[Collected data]
┄┄┄┄┄┄┄┄┄┄┄┄┄┄┄┄┄┄┄┄

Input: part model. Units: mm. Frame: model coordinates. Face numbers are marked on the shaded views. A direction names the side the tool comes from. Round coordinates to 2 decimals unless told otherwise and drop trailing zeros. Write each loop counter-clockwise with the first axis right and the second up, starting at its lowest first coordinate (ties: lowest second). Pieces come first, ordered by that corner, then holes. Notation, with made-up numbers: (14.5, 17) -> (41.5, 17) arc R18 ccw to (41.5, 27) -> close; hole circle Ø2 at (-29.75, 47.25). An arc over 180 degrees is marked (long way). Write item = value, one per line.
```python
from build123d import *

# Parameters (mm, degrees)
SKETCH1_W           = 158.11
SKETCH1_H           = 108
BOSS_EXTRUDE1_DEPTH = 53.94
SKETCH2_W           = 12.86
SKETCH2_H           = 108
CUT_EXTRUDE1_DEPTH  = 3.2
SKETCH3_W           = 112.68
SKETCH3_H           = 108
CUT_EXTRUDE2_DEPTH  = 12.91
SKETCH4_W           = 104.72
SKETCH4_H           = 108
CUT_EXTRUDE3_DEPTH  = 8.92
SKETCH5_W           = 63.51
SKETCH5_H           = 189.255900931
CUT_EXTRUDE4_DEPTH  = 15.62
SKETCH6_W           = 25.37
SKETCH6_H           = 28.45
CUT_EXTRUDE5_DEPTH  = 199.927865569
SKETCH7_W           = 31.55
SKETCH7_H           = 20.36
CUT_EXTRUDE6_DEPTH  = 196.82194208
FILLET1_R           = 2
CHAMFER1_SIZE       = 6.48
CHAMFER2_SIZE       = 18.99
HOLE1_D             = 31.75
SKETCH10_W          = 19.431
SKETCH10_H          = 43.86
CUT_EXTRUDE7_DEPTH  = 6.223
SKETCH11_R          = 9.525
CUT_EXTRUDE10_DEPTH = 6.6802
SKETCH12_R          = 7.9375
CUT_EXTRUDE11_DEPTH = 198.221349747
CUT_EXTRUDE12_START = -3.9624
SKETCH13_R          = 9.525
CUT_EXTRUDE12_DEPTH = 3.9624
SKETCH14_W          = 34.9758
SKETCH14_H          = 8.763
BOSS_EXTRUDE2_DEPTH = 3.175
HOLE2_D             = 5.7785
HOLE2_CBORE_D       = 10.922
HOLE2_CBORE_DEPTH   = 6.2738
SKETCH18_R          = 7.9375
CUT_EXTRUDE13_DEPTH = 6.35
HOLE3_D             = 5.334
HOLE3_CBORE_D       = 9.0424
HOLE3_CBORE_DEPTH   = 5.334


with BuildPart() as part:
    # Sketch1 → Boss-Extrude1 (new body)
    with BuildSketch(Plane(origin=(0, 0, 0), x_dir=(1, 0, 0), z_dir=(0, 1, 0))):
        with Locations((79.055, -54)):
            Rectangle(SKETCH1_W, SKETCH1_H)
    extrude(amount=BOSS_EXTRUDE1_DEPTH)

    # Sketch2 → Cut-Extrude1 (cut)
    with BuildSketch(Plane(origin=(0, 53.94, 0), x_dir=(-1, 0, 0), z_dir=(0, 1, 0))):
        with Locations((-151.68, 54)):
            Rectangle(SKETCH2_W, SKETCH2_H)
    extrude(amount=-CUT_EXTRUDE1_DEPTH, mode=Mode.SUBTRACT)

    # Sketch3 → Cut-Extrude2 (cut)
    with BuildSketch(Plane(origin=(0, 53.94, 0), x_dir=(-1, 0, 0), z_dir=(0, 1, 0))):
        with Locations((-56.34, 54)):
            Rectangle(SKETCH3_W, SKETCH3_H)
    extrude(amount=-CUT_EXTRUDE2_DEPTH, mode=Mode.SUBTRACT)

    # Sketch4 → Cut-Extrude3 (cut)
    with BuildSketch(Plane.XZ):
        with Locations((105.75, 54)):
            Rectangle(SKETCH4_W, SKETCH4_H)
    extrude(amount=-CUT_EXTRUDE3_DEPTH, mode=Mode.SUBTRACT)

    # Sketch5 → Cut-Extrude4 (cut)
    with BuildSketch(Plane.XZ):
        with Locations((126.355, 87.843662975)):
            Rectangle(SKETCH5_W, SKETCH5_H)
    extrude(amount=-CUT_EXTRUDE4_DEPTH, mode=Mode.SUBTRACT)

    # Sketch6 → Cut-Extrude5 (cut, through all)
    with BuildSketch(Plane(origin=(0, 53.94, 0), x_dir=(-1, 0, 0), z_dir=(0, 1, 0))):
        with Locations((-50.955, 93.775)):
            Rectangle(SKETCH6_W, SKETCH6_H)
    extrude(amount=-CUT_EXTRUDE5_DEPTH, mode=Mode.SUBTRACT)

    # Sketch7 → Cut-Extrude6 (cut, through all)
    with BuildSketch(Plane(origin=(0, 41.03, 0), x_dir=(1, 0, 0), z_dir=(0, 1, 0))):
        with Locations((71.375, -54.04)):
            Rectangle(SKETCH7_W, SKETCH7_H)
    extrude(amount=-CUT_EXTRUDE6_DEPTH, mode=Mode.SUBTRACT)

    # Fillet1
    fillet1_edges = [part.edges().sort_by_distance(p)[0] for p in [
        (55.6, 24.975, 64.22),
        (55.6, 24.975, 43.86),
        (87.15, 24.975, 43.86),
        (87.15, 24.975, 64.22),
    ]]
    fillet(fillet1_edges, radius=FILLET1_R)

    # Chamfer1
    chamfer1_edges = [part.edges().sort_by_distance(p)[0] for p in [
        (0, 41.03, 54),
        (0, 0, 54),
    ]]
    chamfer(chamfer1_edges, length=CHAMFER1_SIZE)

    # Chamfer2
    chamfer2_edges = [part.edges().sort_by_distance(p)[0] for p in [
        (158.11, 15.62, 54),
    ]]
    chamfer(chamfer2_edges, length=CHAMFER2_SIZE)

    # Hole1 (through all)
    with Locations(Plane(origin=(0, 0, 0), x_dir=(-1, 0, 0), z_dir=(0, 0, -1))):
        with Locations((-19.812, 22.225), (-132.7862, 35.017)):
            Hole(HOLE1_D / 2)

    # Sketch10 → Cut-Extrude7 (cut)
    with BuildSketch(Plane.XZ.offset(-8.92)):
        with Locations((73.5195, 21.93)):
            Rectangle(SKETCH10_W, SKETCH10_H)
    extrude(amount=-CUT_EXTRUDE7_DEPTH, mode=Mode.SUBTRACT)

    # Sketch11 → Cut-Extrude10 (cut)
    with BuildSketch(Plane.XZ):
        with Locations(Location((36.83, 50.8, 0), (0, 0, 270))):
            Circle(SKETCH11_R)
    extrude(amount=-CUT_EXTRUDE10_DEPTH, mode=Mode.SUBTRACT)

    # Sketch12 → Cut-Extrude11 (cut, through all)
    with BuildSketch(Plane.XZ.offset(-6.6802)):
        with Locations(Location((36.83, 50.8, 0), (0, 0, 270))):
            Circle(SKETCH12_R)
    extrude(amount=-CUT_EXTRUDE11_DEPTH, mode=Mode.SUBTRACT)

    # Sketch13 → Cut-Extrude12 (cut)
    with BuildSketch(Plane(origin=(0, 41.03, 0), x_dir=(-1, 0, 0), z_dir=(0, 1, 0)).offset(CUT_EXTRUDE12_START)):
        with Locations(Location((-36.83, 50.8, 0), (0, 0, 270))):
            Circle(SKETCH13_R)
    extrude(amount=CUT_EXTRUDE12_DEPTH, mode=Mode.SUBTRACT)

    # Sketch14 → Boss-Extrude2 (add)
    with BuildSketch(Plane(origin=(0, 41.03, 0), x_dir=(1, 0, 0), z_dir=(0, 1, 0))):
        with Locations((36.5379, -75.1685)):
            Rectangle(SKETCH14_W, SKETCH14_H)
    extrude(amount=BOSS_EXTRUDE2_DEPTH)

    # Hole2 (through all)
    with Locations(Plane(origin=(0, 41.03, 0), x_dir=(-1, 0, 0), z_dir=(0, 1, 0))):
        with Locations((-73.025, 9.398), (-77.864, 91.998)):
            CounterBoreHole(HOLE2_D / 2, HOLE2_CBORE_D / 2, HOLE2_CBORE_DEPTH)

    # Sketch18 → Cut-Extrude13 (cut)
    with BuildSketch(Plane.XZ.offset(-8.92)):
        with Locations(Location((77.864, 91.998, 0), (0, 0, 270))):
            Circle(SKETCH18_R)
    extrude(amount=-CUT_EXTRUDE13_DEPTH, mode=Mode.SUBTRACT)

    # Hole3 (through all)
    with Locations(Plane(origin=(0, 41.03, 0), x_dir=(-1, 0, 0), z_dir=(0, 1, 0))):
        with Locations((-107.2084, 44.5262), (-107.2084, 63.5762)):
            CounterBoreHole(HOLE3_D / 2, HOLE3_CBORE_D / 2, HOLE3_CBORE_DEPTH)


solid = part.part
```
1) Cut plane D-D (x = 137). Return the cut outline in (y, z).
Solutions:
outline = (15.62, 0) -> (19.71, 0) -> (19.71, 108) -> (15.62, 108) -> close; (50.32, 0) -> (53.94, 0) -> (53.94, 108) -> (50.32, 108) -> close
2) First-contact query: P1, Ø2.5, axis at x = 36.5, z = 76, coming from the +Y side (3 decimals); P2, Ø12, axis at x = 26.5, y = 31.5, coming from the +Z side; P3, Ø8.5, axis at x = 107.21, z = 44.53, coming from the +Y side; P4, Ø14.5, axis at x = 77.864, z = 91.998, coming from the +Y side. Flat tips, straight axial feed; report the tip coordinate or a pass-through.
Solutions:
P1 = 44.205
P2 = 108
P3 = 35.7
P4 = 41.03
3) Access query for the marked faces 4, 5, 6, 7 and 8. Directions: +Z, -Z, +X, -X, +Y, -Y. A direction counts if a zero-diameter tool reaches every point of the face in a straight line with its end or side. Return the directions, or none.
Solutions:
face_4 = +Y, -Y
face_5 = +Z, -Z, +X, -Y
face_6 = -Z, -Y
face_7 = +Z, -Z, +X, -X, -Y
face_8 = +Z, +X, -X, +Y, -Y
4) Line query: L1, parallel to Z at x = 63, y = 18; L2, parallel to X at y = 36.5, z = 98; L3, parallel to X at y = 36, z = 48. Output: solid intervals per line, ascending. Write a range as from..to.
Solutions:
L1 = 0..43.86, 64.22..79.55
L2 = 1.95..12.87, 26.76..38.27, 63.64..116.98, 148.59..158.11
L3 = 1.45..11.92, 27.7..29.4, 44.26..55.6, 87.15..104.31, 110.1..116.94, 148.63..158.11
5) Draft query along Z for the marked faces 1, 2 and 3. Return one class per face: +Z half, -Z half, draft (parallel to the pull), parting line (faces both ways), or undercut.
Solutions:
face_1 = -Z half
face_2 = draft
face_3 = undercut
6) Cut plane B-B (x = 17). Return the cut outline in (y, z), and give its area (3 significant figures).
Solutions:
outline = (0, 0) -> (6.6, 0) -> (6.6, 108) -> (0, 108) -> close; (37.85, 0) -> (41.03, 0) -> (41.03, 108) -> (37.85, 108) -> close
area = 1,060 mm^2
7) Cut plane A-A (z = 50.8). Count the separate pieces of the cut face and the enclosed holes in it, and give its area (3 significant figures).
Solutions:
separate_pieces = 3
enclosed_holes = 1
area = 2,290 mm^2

┄┄┄┄┄┄┄┄┄┄┄┄┄┄┄┄┄┄┄┄

### YOUR TASK
Look at the records above. Copy every line where the string "length" occurs.

### ANSWER TO THIS TASK
    chamfer(chamfer1_edges, length=CHAMFER1_SIZE)
    chamfer(chamfer2_edges, length=CHAMFER2_SIZE)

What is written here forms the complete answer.